Vom 19. bis 25. Oktober 2015 startete Innenminister Ralf Jäger mit der Polizei in Nordrhein-Westfalen die dritte landesweite Aktionswoche zum Einbruchschutz. Beratungs- und Informationsangebote sind neben Kontroll- und Ermittlungsarbeit im Kampf gegen Einbrecher ein Baustein. Bereits in den vergangenen zwei Jahren wurde die Aktionswoche aus Polizeikreisen kritisiert. Denn eine Vielzahl hochqualifizierter Polizeibeamter werden für Flyer-Aktionen, Beratung und Information der Bürgerinnen und Bürger bzw. bei der Suche nach gekippten Wohnungsfenstern gebunden, anstatt die Ermittlungs- und Fahndungsarbeit vor Ort zu intensivieren. Für eine ehrliche Gesamtbilanz gilt es auch für die dritte Aktionswoche zu hinterfragen, wie viele Einbrüche in der Aktionswoche verübt wurden und wie viele Täter bislang ermittelt bzw. potenzielle Täter gefasst werden konnten.

Vor diesem Hintergrund frage ich die Landesregierung:

1. Wie viele Polizeibeamte/innen waren in diesem Jahr in der Aktionswoche „Riegel vor! Sicher ist sicherer.“ in den Kreispolizeibehörden in NRW eingesetzt (bitte nach Art der Maßnahmen - Beratungs- und Informationsmaßnahmen, etc., Zahl eingesetzter Beamter/innen und Arbeitsstunden aufgeschlüsselt)?

2. Wie viele vollendete oder versuchte Einbrüche wurden in den 47 Kreispolizeibehörden (bitte für jede KPB getrennt ausweisen und getrennt nach Wohnungseinbruchsdiebstählen und sonstigen Einbruchdiebstählen, worunter insb. auch solche in Geschäfts- und Firmenräume fallen) während der Aktionswoche3. Wie viele Tatverdächtige für einen dieser in der Aktionswoche begangenen Einbrüche konnten bislang in den 47 Kreispolizeibehörden (bitte für jede KPB getrennt ausweisen) jeweils ermittelt werden?

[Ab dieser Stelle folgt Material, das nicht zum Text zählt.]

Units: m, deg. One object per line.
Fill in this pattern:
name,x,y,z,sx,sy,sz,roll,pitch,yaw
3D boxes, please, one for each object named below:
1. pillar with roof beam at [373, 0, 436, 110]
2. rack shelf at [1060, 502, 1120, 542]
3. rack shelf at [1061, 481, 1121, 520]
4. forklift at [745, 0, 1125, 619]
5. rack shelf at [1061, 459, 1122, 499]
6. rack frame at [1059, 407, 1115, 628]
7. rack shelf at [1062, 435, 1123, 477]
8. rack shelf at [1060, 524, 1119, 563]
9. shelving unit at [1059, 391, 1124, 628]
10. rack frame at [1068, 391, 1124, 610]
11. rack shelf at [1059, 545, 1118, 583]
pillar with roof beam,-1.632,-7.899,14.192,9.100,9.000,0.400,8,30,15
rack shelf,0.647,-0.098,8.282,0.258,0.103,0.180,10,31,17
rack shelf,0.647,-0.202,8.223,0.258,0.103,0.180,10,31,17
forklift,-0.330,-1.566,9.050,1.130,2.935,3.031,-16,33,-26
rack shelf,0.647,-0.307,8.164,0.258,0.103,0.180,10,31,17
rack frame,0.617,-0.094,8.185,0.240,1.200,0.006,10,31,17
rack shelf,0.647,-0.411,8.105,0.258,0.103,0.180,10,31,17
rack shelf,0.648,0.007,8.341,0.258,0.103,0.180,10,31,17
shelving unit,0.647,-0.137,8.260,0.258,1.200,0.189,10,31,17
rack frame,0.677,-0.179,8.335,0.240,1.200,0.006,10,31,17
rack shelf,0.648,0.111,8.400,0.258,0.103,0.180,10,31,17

4. Wie viele Personen konnten während der Aktionswoche bei Razzien und Straßenkontrollen ermittelt werden, gegen die der Verdacht eines geplanten oder begangenen Einbruchs – z.B. weil Beamte Einbruchswerkzeug oder Beute bei ihnen fanden – besteht? (Ausweislich der Presseerklärung sollte die präventive Aktionswoche „Riegel vor! Sicher ist sicherer.“ die Razzien und Straßenkontrollen gegen Einbrecherbanden ergänzen)

5. Gegen wie viele ermittelte Tatverdächtige wurde im Rahmen eines besonders beschleunigten Verfahrens (vgl. Vorlagen 16/3240 und 16/3144) vorgegangen?